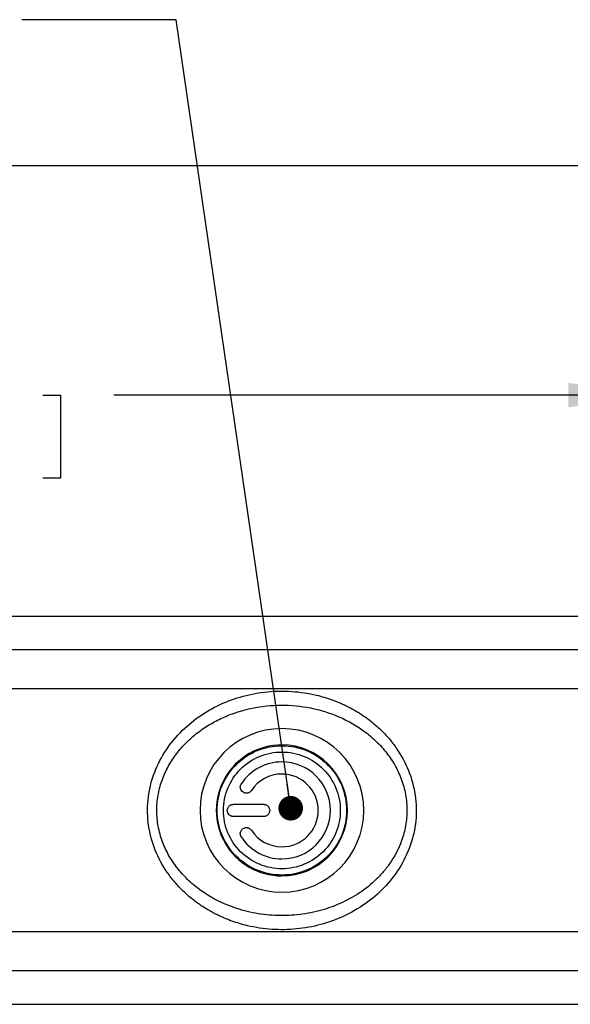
# Model space of a CAD drawing. Header units: millimetres. Extents: x 0 to 559, y 0 to 432.
# Tile 16 of 34: x 163 to 209, y 264 to 345. Entities that reach past the tile are written whole.
import ezdxf

# ---------------------------------------------------------------- set-up
doc = ezdxf.new("R2010")
doc.units = ezdxf.units.MM
doc.header["$LTSCALE"] = 2
doc.layers.add('DIMENSIONS', color=140, linetype='Continuous', lineweight=25)
doc.styles.add('SLDTEXTSTYLE0', font='TXT', dxfattribs={"width": 0.7})
doc.dimstyles.new('SLDDIMSTYLE0', dxfattribs={"dimtxt": 4.316016, "dimasz": 6.604, "dimexe": 0, "dimexo": 0.0625, "dimgap": 1.079004, "dimtad": 0, "dimtih": 1, "dimtoh": 1, "dimdec": 1, "dimrnd": 1e-09, "dimzin": 12, "dimdsep": 46, "dimtxsty": 'SLDTEXTSTYLE0', "dimsah": 1, "dimcen": 0.09, "dimadec": 0, "dimazin": 3, "dimtfac": 1, "dimtdec": 1, "dimtofl": 0, "dimtmove": 0, "dimatfit": 3, "dimfxl": 0, "dimfrac": 2, "dimtolj": 1, "dimtzin": 12, "dimarcsym": 0})
doc.dimstyles.new('SLDDIMSTYLE3', dxfattribs={"dimtxt": 4.316016, "dimasz": 6.604, "dimexe": 0, "dimexo": 0.0625, "dimgap": 1.079004, "dimtad": 0, "dimtih": 1, "dimtoh": 1, "dimdec": 1, "dimrnd": 1e-09, "dimzin": 4, "dimdsep": 46, "dimtxsty": 'SLDTEXTSTYLE0', "dimsah": 1, "dimcen": 0.09, "dimadec": 0, "dimazin": 1, "dimtfac": 1, "dimtdec": 1, "dimtofl": 0, "dimtmove": 0, "dimatfit": 3, "dimfxl": 0, "dimfrac": 2, "dimtolj": 1, "dimtzin": 12, "dimarcsym": 0})
doc.dimstyles.new('SLDDIMSTYLE5', dxfattribs={"dimtxt": 0.18, "dimasz": 2.032, "dimexe": 0, "dimexo": 0.0625, "dimgap": 0, "dimtad": 0, "dimtih": 1, "dimtoh": 1, "dimdec": 0, "dimrnd": 1e-09, "dimzin": 0, "dimdsep": 46, "dimtxsty": 'Standard', "dimblk1": 'DOT', "dimblk2": 'DOT', "dimsah": 1, "dimcen": 0.09, "dimadec": 0, "dimazin": 0, "dimtfac": 2.032, "dimtdec": 0, "dimtofl": 0, "dimtmove": 0, "dimatfit": 3, "dimldrblk": 'DOT', "dimfxl": 0, "dimfrac": 2, "dimtolj": 1, "dimtzin": 0, "dimarcsym": 0})

# ---------------------------------------------------------------- blocks, each defined once
blk = doc.blocks.new('_D_5')
at = {"layer": 'DIMENSIONS'}
for p, q in [((102.685, 282.402), (102.685, 320.481)), ((215.194, 296.181), (215.194, 320.481)), ((102.685, 314.131), (146.615, 314.131)), ((152.464, 314.131), (151.015, 314.131)), ((151.015, 314.131), (151.015, 307.271)), ((165.289, 314.131), (166.739, 314.131)), ((166.739, 314.131), (166.739, 307.271)), ((215.194, 314.131), (171.138, 314.131)), ((151.015, 307.271), (152.464, 307.271)), ((166.739, 307.271), (165.289, 307.271))]:
    blk.add_line(p, q, dxfattribs=at)
for points in [[(102.685, 314.131), (109.289, 313.115), (109.289, 315.147)], [(215.194, 314.131), (208.59, 315.147), (208.59, 313.115)]]:
    blk.add_solid(points, dxfattribs=at)
at = {"layer": 'DIMENSIONS', "char_height": 4.2333, "attachment_point": 1, "style": 'SLDTEXTSTYLE0'}
for s, insert in [('112.5', (150.669, 320.554)), ('4.43', (152.464, 312.728))]:
    blk.add_mtext(s, dxfattribs=dict(at, insert=insert))
blk = doc.blocks.new('_D_8')
at = {"layer": 'DIMENSIONS'}
for p, q in [((102.685, 282.402), (102.685, 339.424)), ((458.685, 282.402), (458.685, 339.424)), ((102.685, 333.074), (303.617, 333.074)), ((309.466, 333.074), (308.016, 333.074)), ((308.016, 333.074), (308.016, 326.215)), ((325.882, 333.074), (327.331, 333.074)), ((327.331, 333.074), (327.331, 326.215)), ((458.685, 333.074), (331.73, 333.074)), ((308.016, 326.215), (309.466, 326.215)), ((327.331, 326.215), (325.882, 326.215))]:
    blk.add_line(p, q, dxfattribs=at)
for points in [[(102.685, 333.074), (109.289, 332.058), (109.289, 334.09)], [(458.685, 333.074), (452.081, 334.09), (452.081, 332.058)]]:
    blk.add_solid(points, dxfattribs=at)
at = {"layer": 'DIMENSIONS', "char_height": 4.2333, "attachment_point": 1, "style": 'SLDTEXTSTYLE0'}
for s, insert in [('356.0', (309.466, 339.498)), ('14.02', (309.466, 331.672))]:
    blk.add_mtext(s, dxfattribs=dict(at, insert=insert))
blk = doc.blocks.new('_Dot')
at = {"color": 0, "linetype": 'ByBlock', "lineweight": -2}
blk.add_line((-0.5, 0), (-1, 0), dxfattribs=at)
at = {"color": 0, "linetype": 'ByBlock', "const_width": 0.5}
blk.add_lwpolyline([(-0.25, 0, 1), (0.25, 0, 1)], format="xyb", close=True, dxfattribs=at)

msp = doc.modelspace()

# ---------------------------------------------------------------- linework, layer by layer
for p, q in [((451.933497, 295.862376), (109.436922, 295.862376)), ((212.916248, 293.112023), (109.180351, 293.112023)), ((212.314681, 289.893666), (108.669052, 289.893666)), ((184.985209, 285.267635), (184.985209, 285.196804)), ((180.985209, 280.362375), (183.485209, 280.362375)), ((183.485209, 279.362375), (180.985209, 279.362375)), ((184.98521, 274.527947), (184.98521, 274.457116)), ((212.314681, 269.831085), (108.669052, 269.831085)), ((212.916248, 266.612728), (109.180351, 266.612728)), ((109.436922, 263.862376), (451.933497, 263.862376))]:
    msp.add_line(p, q)
for radius, start, end in [(6.75, 360, 180), (5.40526, 90, 270.0000025), (5.40526, 270.0000025, 90.0000025), (4, 90.0000025, 146.7867918), (4, 270.0000025, 90.0000025), (3, 90.0000025, 146.7867918), (3, 270.0000025, 90.0000025), (6.75, 180, 0), (3, 213.21321321, 270.0000025), (4, 213.21321321, 270)]:
    msp.add_arc((184.985209, 279.862376), radius, start, end)
for points, knots in [([(180.238246, 270.977486), (180.134332, 271.022633), (179.926712, 271.112835), (179.621041, 271.259189), (179.320121, 271.413479), (179.024332, 271.576553), (178.733566, 271.748257), (178.255129, 272.050402), (177.612088, 272.512866), (176.842604, 273.184915), (176.142237, 273.927114), (175.306041, 275.015988), (174.47418, 276.548505), (173.915322, 278.593467), (173.865207, 280.728428), (174.332067, 282.80248), (175.255143, 284.689054), (176.539471, 286.309295), (178.099137, 287.632826), (179.864189, 288.645391), (181.778614, 289.338906), (183.452862, 289.642863), (184.806708, 289.718382), (185.823166, 289.691055), (186.833883, 289.580407), (187.72039, 289.408017), (188.481818, 289.203575), (189.124348, 288.994469), (189.54037, 288.825063), (189.748737, 288.740216)], [0, 0, 0, 0, 0.010369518, 0.020718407, 0.031055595, 0.041390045, 0.051730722, 0.062086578, 0.093432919, 0.124564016, 0.156131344, 0.187289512, 0.250670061, 0.314392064, 0.377993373, 0.441783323, 0.505316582, 0.568375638, 0.630755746, 0.69286013, 0.754427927, 0.815797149, 0.846426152, 0.877052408, 0.907705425, 0.938433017, 0.958932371, 0.979431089, 1, 1, 1, 1]), ([(174.675003, 279.862376), (174.675054, 280.270979), (174.709926, 280.683229), (174.848627, 281.497451), (174.951093, 281.893775), (175.217363, 282.664585), (175.382655, 283.042114), (175.766288, 283.763404), (175.983168, 284.10554), (176.462396, 284.756314), (176.726024, 285.066011), (177.290913, 285.647396), (177.5895, 285.916713), (178.217098, 286.416955), (178.546055, 286.647793), (179.23369, 287.073152), (179.589643, 287.265761), (180.315832, 287.608767), (180.687289, 287.760097), (181.446961, 288.023882), (181.836491, 288.136553), (183.022482, 288.414449), (183.823661, 288.517171), (185.436924, 288.564288), (186.258134, 288.506319), (187.846522, 288.231354), (188.620296, 288.016453), (189.374994, 287.716416)], [0, 0, 0, 0, 0.0625, 0.0625, 0.125, 0.125, 0.1875, 0.1875, 0.25, 0.25, 0.3125, 0.3125, 0.375, 0.375, 0.4375, 0.4375, 0.5, 0.5, 0.5625, 0.5625, 0.625, 0.625, 0.75, 0.75, 0.875, 0.875, 1, 1, 1, 1]), ([(189.748737, 288.740216), (189.852066, 288.69514), (190.058519, 288.605077), (190.362479, 288.459047), (190.661723, 288.305164), (190.955874, 288.142588), (191.245038, 287.971472), (191.721006, 287.670367), (192.36089, 287.20967), (193.128039, 286.539521), (193.827485, 285.798457), (194.66358, 284.709952), (195.495009, 283.178838), (196.054342, 281.135546), (196.105751, 279.001516), (195.640122, 276.927373), (194.718624, 275.041214), (193.436313, 273.421123), (191.87839, 272.096911), (190.115444, 271.083753), (188.202105, 270.388668), (186.529532, 270.083375), (185.176649, 270.006638), (184.161448, 270.032754), (183.150425, 270.142199), (182.263285, 270.313715), (181.502316, 270.517132), (180.861296, 270.724854), (180.446165, 270.89318), (180.238246, 270.977486)], [0, 0, 0, 0, 0.010329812, 0.020639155, 0.030936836, 0.041231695, 0.051532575, 0.061848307, 0.093089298, 0.124116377, 0.155720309, 0.186914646, 0.250328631, 0.314026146, 0.377703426, 0.441570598, 0.505140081, 0.568194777, 0.630624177, 0.692808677, 0.754314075, 0.8158364, 0.84641708, 0.876994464, 0.907729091, 0.938538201, 0.9590024, 0.979466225, 1, 1, 1, 1]), ([(189.374994, 287.716416), (190.185812, 287.394057), (190.941616, 286.986925), (191.992016, 286.23783), (192.329184, 285.963241), (192.964087, 285.36915), (193.258594, 285.052717), (193.799176, 284.378409), (194.045543, 284.020765), (194.48399, 283.258796), (194.672, 282.860832), (194.977127, 282.041152), (195.095548, 281.615901), (195.255449, 280.742435), (195.295476, 280.301646), (195.295416, 279.862376)], [0, 0, 0, 0, 0.25, 0.25, 0.375, 0.375, 0.5, 0.5, 0.625, 0.625, 0.75, 0.75, 0.875, 0.875, 1, 1, 1, 1]), ([(184.98521, 274.527947), (184.286935, 274.527947), (183.588934, 274.666788), (182.29869, 275.201224), (181.706954, 275.59661), (180.719444, 276.58412), (180.324058, 277.175856), (179.789622, 278.4661), (179.650781, 279.1641), (179.650781, 280.56065), (179.789622, 281.258651), (180.324058, 282.548895), (180.719444, 283.140631), (181.706954, 284.128141), (182.29869, 284.523527), (183.588934, 285.057963), (184.286934, 285.196804), (184.985209, 285.196804)], [0, 0, 0, 0, 0.125, 0.125, 0.25, 0.25, 0.375, 0.375, 0.5, 0.5, 0.625, 0.625, 0.75, 0.75, 0.875, 0.875, 1, 1, 1, 1]), ([(184.985209, 285.196804), (185.683484, 285.196804), (186.381485, 285.057963), (187.671729, 284.523527), (188.263465, 284.128141), (189.250975, 283.140631), (189.64636, 282.548895), (190.180797, 281.258651), (190.319638, 280.560651), (190.319638, 279.164101), (190.180797, 278.4661), (189.646361, 277.175856), (189.250975, 276.58412), (188.263465, 275.59661), (187.671729, 275.201225), (186.381485, 274.666788), (185.683485, 274.527947), (184.98521, 274.527947)], [0, 0, 0, 0, 0.125, 0.125, 0.25, 0.25, 0.375, 0.375, 0.5, 0.5, 0.625, 0.625, 0.75, 0.75, 0.875, 0.875, 1, 1, 1, 1]), ([(184.98521, 275.045963), (184.354743, 275.045963), (183.724524, 275.171321), (182.559573, 275.65386), (182.025299, 276.01085), (181.133684, 276.902465), (180.776694, 277.436739), (180.294155, 278.60169), (180.168797, 279.231908), (180.168797, 280.492842), (180.294155, 281.123061), (180.776694, 282.288012), (181.133684, 282.822286), (182.025299, 283.713901), (182.559573, 284.070891), (183.724523, 284.55343), (184.354742, 284.678788), (184.985209, 284.678788)], [0, 0, 0, 0, 0.125, 0.125, 0.25, 0.25, 0.375, 0.375, 0.5, 0.5, 0.625, 0.625, 0.75, 0.75, 0.875, 0.875, 1, 1, 1, 1]), ([(184.985209, 284.678788), (185.615676, 284.678788), (186.245895, 284.55343), (187.410846, 284.070891), (187.94512, 283.713901), (188.836735, 282.822286), (189.193725, 282.288012), (189.676264, 281.123062), (189.801622, 280.492843), (189.801622, 279.231909), (189.676264, 278.60169), (189.193725, 277.436739), (188.836735, 276.902465), (187.94512, 276.01085), (187.410846, 275.65386), (186.245895, 275.171321), (185.615677, 275.045963), (184.98521, 275.045963)], [0, 0, 0, 0, 0.125, 0.125, 0.25, 0.25, 0.375, 0.375, 0.5, 0.5, 0.625, 0.625, 0.75, 0.75, 0.875, 0.875, 1, 1, 1, 1]), ([(182.475295, 281.505644), (182.462888, 281.48812), (182.438107, 281.453123), (182.392565, 281.407185), (182.331253, 281.358771), (182.250342, 281.314306), (182.120584, 281.275861), (181.954253, 281.27756), (181.776262, 281.351405), (181.637639, 281.485194), (181.569796, 281.636761), (181.553194, 281.771342), (181.563047, 281.873629), (181.590359, 281.969916), (181.622629, 282.025695), (181.638657, 282.0534)], [0, 0, 0, 0, 0.039738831, 0.079366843, 0.119629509, 0.185242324, 0.251491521, 0.375805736, 0.500094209, 0.624070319, 0.748695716, 0.815182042, 0.880977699, 0.940883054, 1, 1, 1, 1]), ([(180.985209, 279.362375), (180.964232, 279.363113), (180.922484, 279.364581), (180.860744, 279.37677), (180.790592, 279.399504), (180.714527, 279.438166), (180.609741, 279.520227), (180.512873, 279.660677), (180.472178, 279.862289), (180.512805, 280.063917), (180.609613, 280.204347), (180.7144, 280.286568), (180.79989, 280.329743), (180.891185, 280.357395), (180.953814, 280.360712), (180.985209, 280.362375)], [0, 0, 0, 0, 0.0419289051, 0.0834426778, 0.1251095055, 0.1882027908, 0.2504100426, 0.3822914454, 0.4999905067, 0.6177027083, 0.7495454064, 0.8117682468, 0.8749198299, 0.9372990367, 1, 1, 1, 1]), ([(183.485209, 280.362375), (183.506941, 280.361581), (183.550201, 280.359999), (183.614096, 280.346923), (183.686018, 280.322707), (183.763339, 280.281896), (183.867101, 280.197251), (183.960516, 280.05639), (183.99734, 279.860745), (183.959287, 279.665709), (183.865701, 279.526066), (183.762159, 279.442049), (183.675617, 279.396941), (183.582222, 279.367671), (183.517558, 279.364141), (183.485209, 279.362375)], [0, 0, 0, 0, 0.0418770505, 0.0833650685, 0.1251667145, 0.1877918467, 0.2503262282, 0.3809333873, 0.5012320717, 0.6209751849, 0.7509666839, 0.8131739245, 0.8755230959, 0.9377312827, 1, 1, 1, 1]), ([(180.610771, 272.002247), (179.798955, 272.323629), (179.035558, 272.733423), (177.980055, 273.485716), (177.640638, 273.762098), (177.007515, 274.354464), (176.713074, 274.670562), (176.171523, 275.345899), (175.922843, 275.70716), (175.485062, 276.468695), (175.29845, 276.863819), (175.069499, 277.478887), (175.001738, 277.687509), (174.884079, 278.113309), (174.834216, 278.330641), (174.714632, 278.985044), (174.674943, 279.422828), (174.675003, 279.862376)], [0, 0, 0, 0, 0.25, 0.25, 0.375, 0.375, 0.5, 0.5, 0.625, 0.625, 0.75, 0.75, 0.8125, 0.8125, 0.875, 0.875, 1, 1, 1, 1]), ([(195.295416, 279.862376), (195.295372, 279.439959), (195.258376, 279.016103), (195.110324, 278.174096), (195.000601, 277.764013), (194.858703, 277.367188)], [0, 0, 0, 0, 0.5, 0.5, 1, 1, 1, 1]), ([(181.638657, 277.671351), (181.627001, 277.690657), (181.603856, 277.728992), (181.579324, 277.791544), (181.563127, 277.856702), (181.553656, 277.945649), (181.563182, 278.058164), (181.611099, 278.183761), (181.689467, 278.294281), (181.796134, 278.378119), (181.920608, 278.434949), (182.011675, 278.441814), (182.056976, 278.445229)], [0, 0, 0, 0, 0.060433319, 0.119999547, 0.179951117, 0.241525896, 0.363057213, 0.487070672, 0.614949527, 0.743862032, 0.872581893, 1, 1, 1, 1]), ([(182.056976, 278.445229), (182.077677, 278.444532), (182.11861, 278.443153), (182.179292, 278.431524), (182.238112, 278.412824), (182.3127, 278.378011), (182.399678, 278.318914), (182.450159, 278.252284), (182.475295, 278.219107)], [0, 0, 0, 0, 0.128706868, 0.254500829, 0.379293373, 0.505044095, 0.753550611, 1, 1, 1, 1]), ([(193.840888, 275.422847), (193.663948, 275.17298), (193.474202, 274.933403), (193.069202, 274.472634), (192.854025, 274.25175), (192.182852, 273.626279), (191.700574, 273.257105), (190.670811, 272.603167), (190.123217, 272.319573), (189.001184, 271.849842), (188.422915, 271.660944), (187.527148, 271.443979), (187.223688, 271.382885), (186.617796, 271.284957), (186.314324, 271.247814), (185.402056, 271.170683), (184.791591, 271.164856), (183.870121, 271.226154), (183.561581, 271.258497), (182.953842, 271.345834), (182.653361, 271.400851), (181.761568, 271.599664), (181.179814, 271.776979), (180.610771, 272.002246)], [0, 0, 0, 0, 0.0625, 0.0625, 0.125, 0.125, 0.25, 0.25, 0.375, 0.375, 0.5, 0.5, 0.5625, 0.5625, 0.625, 0.625, 0.75, 0.75, 0.8125, 0.8125, 0.875, 0.875, 1, 1, 1, 1])]:
    msp.add_open_spline(points, degree=3, knots=knots)
msp.add_open_spline([(194.858703, 277.367188), (194.611588, 276.676179), (194.261522, 276.016844), (193.840888, 275.422847)], degree=3)

# ---------------------------------------------------------------- dimensions: what is measured, and where the dimension line sits
at = {"layer": 'DIMENSIONS'}
for base, p1, p2, dimstyle, picture, middle in [((458.685209, 333.07445), (102.685209, 279.862376), (458.685209, 279.862376), 'SLDDIMSTYLE3', '_D_8', (317.673612, 333.07445)), ((102.685209, 314.130631), (215.194063, 293.641205), (102.685209, 279.862376), 'SLDDIMSTYLE0', '_D_5', (158.876767, 314.130631))]:
    dim = msp.add_linear_dim(base=base, p1=p1, p2=p2, dimstyle=dimstyle, dxfattribs=at)
    dim.commit()
    dim.dimension.update_dxf_attribs({"geometry": picture, "text_midpoint": middle, "dimtype": 160})

# ---------------------------------------------------------------- leaders
msp.add_leader([(185.713733, 280.039813), (176.260862, 345.102994), (163.560862, 345.102994)], dimstyle='SLDDIMSTYLE5', dxfattribs=at)

doc.saveas('drawing.dxf')

== == ==

### What this task involves
In the data above, which lines include "degree"? Return those lines.

### Task output
    msp.add_open_spline(points, degree=3, knots=knots)
msp.add_open_spline([(194.858703, 277.367188), (194.611588, 276.676179), (194.261522, 276.016844), (193.840888, 275.422847)], degree=3)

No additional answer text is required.